═══ DATA LISTING ═══

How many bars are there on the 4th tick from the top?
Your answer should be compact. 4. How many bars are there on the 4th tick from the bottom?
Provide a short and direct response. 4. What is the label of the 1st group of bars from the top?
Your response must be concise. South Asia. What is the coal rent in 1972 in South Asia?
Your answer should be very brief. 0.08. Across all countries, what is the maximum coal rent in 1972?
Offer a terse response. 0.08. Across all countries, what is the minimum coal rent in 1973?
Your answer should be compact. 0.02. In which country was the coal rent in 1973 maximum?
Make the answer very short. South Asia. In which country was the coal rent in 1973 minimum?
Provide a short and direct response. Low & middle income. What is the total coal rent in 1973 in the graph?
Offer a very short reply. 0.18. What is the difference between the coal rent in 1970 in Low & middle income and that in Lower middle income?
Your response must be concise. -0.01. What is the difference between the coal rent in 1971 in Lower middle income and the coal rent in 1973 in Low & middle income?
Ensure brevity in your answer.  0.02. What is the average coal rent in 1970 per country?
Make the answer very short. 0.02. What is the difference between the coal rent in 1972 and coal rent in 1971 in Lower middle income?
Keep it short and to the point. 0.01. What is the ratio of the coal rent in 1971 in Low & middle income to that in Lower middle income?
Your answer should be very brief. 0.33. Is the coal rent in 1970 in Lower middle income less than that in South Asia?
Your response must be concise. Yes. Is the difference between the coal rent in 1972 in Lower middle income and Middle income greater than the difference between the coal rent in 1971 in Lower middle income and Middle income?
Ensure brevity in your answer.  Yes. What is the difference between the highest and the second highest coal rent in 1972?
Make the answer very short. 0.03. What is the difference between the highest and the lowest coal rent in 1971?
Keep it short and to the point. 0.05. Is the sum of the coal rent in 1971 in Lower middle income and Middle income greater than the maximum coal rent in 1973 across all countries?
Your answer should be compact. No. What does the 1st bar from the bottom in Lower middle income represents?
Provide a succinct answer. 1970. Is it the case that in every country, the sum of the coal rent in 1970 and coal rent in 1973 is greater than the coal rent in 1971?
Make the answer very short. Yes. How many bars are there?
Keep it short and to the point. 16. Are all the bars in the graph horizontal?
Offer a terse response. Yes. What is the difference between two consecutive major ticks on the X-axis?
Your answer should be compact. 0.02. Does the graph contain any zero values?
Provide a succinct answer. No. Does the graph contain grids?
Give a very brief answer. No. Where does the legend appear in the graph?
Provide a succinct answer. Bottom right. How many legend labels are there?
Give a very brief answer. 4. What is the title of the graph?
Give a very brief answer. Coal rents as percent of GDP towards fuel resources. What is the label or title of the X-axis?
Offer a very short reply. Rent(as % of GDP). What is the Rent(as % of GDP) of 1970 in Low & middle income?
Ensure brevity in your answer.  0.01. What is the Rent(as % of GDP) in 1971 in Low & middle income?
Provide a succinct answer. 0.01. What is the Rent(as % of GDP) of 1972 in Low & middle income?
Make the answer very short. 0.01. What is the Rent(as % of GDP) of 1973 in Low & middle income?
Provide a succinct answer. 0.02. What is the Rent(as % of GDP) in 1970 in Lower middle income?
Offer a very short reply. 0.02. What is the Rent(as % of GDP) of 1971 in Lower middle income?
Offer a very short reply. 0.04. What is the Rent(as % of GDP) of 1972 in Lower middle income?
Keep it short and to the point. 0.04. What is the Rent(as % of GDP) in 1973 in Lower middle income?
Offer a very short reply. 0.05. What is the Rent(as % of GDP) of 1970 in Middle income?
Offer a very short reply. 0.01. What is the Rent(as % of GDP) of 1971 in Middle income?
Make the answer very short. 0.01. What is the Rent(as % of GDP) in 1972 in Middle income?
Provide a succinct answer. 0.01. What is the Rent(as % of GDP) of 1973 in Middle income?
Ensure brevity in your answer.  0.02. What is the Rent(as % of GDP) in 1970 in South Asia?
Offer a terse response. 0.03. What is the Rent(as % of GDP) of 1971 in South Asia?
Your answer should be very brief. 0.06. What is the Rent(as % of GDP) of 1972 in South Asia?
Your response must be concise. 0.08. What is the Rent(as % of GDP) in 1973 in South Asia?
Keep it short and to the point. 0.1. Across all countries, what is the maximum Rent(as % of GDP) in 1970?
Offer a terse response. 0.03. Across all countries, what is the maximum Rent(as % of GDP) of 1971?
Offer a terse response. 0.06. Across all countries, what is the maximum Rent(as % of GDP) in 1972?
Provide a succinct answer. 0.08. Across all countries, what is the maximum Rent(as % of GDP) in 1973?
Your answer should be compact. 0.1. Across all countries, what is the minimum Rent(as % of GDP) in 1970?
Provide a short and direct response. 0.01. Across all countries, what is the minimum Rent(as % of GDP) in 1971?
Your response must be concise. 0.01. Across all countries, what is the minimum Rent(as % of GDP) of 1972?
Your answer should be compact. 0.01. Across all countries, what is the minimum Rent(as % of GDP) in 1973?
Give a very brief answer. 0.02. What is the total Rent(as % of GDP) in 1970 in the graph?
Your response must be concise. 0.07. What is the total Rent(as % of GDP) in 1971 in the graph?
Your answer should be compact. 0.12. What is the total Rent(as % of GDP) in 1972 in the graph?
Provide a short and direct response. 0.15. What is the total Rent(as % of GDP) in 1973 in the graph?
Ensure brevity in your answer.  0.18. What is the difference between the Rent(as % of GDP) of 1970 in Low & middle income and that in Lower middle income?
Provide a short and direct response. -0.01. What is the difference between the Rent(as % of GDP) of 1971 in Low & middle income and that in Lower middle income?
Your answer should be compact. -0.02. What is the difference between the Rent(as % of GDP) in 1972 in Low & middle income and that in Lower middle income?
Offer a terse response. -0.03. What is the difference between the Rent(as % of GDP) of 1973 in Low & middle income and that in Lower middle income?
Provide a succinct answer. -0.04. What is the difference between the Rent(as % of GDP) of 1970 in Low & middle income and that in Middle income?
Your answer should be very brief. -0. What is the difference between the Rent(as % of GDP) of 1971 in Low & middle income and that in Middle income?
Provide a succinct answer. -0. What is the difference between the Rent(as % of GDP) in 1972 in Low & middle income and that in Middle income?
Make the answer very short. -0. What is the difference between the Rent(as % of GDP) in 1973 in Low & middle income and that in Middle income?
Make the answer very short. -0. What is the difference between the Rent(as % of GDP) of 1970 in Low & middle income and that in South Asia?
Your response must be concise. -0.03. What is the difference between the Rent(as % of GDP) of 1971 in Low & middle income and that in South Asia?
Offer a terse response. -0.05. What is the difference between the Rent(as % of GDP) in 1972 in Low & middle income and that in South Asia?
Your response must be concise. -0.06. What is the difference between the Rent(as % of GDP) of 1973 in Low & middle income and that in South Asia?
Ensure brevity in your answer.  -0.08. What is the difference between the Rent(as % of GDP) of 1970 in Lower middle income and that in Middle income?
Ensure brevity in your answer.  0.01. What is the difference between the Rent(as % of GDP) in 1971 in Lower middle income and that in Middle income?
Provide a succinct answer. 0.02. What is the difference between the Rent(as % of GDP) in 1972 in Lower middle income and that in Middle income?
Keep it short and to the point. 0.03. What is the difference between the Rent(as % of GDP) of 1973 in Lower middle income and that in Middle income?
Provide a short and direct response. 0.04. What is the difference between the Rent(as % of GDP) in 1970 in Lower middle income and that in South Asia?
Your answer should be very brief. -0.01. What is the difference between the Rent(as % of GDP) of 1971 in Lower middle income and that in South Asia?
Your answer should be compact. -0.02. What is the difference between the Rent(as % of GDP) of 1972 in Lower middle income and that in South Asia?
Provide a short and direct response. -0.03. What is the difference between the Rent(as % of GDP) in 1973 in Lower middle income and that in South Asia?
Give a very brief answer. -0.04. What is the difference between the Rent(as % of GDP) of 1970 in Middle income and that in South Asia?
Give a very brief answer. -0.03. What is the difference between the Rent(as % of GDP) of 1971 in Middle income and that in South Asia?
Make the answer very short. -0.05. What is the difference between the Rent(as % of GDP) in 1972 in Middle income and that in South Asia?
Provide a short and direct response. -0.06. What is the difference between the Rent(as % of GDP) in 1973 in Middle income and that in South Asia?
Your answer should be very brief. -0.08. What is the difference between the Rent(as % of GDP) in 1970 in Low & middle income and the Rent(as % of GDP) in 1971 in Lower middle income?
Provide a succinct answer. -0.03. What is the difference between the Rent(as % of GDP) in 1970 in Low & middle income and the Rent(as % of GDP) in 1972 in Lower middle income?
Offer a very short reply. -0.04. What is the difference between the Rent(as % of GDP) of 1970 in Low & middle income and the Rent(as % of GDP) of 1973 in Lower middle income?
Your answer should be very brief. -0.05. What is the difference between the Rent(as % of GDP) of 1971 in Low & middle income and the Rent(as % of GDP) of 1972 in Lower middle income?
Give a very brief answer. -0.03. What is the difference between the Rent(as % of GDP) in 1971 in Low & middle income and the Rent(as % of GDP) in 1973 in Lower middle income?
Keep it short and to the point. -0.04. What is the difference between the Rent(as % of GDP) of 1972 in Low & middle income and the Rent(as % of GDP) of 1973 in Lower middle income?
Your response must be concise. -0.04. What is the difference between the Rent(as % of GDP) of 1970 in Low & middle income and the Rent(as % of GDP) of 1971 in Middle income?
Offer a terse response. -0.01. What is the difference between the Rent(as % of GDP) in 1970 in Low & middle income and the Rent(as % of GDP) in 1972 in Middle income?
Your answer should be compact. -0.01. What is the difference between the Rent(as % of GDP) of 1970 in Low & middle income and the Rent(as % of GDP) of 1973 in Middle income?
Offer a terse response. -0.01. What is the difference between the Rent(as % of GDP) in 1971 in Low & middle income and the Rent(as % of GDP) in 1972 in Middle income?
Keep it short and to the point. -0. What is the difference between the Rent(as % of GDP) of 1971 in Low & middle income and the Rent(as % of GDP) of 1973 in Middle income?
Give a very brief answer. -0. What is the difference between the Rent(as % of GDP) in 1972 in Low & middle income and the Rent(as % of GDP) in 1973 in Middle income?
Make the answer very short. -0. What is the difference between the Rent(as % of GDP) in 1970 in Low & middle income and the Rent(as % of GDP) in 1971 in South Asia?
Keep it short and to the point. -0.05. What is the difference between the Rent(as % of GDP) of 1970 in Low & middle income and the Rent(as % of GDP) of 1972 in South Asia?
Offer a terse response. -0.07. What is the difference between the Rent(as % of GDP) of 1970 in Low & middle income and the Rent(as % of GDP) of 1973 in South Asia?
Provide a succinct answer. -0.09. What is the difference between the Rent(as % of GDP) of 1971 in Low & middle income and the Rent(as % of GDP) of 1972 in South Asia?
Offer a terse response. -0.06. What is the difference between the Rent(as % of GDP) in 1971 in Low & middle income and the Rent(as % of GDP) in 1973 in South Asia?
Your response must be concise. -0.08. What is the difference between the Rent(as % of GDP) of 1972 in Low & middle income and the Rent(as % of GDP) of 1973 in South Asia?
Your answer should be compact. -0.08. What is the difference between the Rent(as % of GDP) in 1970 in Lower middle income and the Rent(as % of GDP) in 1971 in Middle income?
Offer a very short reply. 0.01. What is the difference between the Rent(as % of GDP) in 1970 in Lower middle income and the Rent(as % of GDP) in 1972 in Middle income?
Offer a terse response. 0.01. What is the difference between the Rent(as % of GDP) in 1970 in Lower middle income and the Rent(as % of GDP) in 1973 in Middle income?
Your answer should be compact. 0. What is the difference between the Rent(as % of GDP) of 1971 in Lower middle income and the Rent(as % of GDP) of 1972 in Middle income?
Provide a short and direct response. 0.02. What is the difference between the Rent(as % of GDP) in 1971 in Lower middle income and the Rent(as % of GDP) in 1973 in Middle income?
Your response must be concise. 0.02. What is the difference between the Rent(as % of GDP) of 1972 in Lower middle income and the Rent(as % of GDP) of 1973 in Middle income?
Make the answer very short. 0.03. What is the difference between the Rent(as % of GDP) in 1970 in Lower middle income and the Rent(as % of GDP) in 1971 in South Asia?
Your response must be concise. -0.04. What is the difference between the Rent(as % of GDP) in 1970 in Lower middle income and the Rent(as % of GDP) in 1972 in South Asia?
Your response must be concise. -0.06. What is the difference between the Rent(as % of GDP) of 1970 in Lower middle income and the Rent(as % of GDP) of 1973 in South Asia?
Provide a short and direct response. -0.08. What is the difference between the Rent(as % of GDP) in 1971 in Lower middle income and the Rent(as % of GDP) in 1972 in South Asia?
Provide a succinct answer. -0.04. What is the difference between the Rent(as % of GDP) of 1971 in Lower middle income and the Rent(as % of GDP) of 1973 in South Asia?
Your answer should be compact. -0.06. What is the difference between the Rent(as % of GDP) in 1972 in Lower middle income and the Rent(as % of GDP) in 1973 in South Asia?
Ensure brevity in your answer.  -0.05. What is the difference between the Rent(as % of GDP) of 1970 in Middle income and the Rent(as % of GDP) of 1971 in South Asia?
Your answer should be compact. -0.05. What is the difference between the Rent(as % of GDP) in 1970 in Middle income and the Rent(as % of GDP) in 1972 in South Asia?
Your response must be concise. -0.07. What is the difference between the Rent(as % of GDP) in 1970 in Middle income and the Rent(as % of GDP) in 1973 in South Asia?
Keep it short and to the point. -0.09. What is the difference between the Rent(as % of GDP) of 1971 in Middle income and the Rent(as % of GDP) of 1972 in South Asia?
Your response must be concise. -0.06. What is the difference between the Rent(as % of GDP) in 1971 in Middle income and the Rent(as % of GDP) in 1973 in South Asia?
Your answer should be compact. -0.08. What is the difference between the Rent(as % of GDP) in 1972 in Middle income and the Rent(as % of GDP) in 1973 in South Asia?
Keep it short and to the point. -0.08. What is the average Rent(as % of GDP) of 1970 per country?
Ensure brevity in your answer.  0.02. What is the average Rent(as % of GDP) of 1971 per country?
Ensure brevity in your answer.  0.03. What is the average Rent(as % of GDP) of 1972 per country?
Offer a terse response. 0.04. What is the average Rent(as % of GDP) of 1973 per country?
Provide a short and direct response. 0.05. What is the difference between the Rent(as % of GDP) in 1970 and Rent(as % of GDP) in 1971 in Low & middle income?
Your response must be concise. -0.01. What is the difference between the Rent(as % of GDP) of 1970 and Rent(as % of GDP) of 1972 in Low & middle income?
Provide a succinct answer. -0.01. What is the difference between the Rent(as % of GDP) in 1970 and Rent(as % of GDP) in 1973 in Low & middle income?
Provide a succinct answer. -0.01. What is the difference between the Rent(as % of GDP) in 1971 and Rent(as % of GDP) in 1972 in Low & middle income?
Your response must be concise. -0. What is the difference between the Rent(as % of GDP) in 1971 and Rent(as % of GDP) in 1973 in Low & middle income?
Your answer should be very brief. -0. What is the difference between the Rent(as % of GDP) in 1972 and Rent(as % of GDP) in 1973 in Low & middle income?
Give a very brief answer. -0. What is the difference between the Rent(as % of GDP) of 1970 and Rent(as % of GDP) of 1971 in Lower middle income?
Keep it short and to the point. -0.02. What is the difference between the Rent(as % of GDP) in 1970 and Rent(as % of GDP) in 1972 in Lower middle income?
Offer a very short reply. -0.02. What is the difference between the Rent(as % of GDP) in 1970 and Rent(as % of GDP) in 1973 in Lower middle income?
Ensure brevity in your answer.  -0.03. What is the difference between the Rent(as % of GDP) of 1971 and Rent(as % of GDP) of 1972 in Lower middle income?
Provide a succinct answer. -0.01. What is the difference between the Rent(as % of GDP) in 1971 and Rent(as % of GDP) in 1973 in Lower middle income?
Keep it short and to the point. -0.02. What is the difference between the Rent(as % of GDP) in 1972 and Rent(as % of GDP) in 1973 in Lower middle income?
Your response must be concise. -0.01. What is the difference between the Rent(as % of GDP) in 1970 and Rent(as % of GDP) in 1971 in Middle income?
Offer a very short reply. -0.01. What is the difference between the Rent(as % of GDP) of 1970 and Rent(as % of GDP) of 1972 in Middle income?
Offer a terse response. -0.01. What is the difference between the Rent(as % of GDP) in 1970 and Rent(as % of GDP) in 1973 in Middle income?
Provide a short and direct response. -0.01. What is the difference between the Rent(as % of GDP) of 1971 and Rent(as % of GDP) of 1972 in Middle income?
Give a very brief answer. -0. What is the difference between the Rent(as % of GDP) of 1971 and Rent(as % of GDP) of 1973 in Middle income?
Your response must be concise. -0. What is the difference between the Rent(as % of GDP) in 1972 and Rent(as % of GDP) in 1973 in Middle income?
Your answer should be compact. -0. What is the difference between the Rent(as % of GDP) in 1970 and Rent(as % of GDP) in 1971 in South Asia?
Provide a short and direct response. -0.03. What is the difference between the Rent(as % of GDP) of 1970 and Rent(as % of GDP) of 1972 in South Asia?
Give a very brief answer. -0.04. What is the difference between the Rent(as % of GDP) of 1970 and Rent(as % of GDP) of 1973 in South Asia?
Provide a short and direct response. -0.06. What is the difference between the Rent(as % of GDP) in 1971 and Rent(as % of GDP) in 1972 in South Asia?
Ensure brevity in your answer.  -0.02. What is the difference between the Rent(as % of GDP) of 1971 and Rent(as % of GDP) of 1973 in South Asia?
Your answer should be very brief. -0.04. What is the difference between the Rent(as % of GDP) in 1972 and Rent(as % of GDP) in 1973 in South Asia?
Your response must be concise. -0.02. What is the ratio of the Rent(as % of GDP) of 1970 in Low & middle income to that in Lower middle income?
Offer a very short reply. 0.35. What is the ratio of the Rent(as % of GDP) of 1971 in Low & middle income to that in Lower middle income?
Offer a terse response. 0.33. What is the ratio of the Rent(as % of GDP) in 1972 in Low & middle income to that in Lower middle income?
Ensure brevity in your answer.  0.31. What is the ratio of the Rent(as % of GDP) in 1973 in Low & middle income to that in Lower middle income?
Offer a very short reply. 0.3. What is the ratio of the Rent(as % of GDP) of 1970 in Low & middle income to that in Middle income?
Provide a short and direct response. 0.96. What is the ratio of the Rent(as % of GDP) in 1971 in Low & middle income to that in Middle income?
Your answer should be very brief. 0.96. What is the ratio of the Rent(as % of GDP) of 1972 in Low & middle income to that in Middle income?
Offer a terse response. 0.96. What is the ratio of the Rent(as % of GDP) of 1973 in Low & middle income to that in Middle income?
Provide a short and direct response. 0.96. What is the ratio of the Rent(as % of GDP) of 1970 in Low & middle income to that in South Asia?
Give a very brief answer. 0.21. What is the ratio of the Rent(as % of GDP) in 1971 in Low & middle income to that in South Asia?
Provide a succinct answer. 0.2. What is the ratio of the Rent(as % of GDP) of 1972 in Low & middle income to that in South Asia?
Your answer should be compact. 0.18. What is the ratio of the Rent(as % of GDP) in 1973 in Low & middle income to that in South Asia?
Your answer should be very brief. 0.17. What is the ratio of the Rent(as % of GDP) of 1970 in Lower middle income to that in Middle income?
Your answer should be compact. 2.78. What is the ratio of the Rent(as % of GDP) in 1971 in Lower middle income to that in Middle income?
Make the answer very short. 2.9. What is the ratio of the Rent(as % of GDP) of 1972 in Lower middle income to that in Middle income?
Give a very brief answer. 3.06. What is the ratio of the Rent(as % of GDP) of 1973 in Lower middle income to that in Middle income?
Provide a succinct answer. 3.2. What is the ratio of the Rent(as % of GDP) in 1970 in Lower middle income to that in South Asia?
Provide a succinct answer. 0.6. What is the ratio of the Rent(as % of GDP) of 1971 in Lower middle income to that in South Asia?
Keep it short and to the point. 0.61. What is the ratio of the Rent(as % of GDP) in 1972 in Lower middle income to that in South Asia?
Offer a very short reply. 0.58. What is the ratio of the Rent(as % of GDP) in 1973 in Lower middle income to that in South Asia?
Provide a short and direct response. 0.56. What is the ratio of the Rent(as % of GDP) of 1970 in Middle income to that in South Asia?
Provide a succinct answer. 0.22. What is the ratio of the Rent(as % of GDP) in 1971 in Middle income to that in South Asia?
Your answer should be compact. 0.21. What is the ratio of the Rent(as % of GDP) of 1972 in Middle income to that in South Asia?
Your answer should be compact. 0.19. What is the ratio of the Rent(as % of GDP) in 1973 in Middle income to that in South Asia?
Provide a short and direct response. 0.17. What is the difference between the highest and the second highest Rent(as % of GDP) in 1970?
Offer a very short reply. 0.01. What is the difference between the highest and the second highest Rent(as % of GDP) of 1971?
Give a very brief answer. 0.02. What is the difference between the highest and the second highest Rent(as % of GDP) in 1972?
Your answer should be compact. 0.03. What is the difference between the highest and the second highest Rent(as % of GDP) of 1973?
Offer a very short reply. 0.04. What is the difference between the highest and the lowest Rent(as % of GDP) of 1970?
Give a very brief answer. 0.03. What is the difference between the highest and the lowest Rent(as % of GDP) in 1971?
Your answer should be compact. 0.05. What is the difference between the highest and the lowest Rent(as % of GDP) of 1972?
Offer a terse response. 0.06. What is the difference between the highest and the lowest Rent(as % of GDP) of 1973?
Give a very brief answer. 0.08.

═══

If the string "axis" appears in a line of the entries, report the line.

Offer a terse response. Yes. What is the difference between two consecutive major ticks on the X-axis?
Give a very brief answer. Coal rents as percent of GDP towards fuel resources. What is the label or title of the X-axis?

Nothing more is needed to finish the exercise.